▼▼▼

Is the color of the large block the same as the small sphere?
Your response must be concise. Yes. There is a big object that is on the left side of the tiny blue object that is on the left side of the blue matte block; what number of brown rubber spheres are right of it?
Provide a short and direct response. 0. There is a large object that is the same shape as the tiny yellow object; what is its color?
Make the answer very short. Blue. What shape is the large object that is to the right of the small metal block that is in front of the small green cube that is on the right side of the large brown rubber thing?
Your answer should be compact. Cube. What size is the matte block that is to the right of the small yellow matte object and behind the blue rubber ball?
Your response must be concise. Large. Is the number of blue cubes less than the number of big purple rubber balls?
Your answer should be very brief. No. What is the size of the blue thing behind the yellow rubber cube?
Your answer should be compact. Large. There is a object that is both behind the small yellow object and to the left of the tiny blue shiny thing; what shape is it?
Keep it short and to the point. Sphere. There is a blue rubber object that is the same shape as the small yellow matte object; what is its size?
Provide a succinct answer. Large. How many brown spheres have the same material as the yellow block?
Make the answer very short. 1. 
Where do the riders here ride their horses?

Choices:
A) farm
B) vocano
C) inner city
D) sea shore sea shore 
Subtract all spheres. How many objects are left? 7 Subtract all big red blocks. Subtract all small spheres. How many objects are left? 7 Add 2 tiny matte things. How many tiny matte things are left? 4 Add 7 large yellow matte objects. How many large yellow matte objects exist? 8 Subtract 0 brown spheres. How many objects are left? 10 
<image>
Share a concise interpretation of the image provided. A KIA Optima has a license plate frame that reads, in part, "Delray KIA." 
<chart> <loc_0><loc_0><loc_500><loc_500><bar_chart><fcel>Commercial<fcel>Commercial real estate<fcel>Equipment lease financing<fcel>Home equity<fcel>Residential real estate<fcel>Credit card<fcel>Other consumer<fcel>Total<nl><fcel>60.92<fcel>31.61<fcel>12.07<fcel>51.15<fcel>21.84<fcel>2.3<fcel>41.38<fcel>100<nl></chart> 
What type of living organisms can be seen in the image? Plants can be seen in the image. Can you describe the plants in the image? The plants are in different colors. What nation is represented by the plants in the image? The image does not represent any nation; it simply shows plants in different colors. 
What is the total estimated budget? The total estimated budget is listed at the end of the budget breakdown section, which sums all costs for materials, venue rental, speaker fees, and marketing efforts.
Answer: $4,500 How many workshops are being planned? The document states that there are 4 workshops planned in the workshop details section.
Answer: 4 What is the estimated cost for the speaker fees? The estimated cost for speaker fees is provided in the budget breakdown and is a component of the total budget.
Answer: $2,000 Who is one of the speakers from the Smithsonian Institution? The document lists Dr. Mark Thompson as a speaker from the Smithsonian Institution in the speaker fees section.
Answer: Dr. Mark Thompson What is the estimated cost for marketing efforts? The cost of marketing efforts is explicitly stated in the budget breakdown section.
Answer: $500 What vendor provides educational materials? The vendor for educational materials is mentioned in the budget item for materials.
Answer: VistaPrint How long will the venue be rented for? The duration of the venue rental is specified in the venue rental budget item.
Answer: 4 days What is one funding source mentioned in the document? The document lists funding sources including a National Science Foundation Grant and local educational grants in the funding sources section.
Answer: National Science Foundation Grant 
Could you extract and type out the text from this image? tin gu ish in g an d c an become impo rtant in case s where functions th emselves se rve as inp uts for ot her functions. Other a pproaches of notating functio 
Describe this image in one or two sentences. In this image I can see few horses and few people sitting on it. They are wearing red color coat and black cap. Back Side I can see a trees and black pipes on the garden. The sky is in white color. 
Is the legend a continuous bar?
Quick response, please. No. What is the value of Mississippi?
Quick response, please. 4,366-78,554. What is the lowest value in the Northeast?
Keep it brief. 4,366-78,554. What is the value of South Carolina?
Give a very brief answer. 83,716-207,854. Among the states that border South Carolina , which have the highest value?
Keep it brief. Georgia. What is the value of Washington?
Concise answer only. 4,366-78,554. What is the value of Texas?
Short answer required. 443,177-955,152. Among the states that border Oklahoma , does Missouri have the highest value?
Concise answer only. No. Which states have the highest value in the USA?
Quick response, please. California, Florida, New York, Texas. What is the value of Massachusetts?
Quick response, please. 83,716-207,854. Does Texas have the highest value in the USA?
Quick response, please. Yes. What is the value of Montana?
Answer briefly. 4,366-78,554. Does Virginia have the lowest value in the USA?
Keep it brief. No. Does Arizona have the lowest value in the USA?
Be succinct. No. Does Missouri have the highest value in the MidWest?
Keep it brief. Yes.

▲▲▲

## INSTRUCTIONS TO FOLLOW
Only lines that contain "rental" are needed, so copy each of them from the data.

## EXERCISE SOLUTION
What is the total estimated budget? The total estimated budget is listed at the end of the budget breakdown section, which sums all costs for materials, venue rental, speaker fees, and marketing efforts.
Answer: VistaPrint How long will the venue be rented for? The duration of the venue rental is specified in the venue rental budget item.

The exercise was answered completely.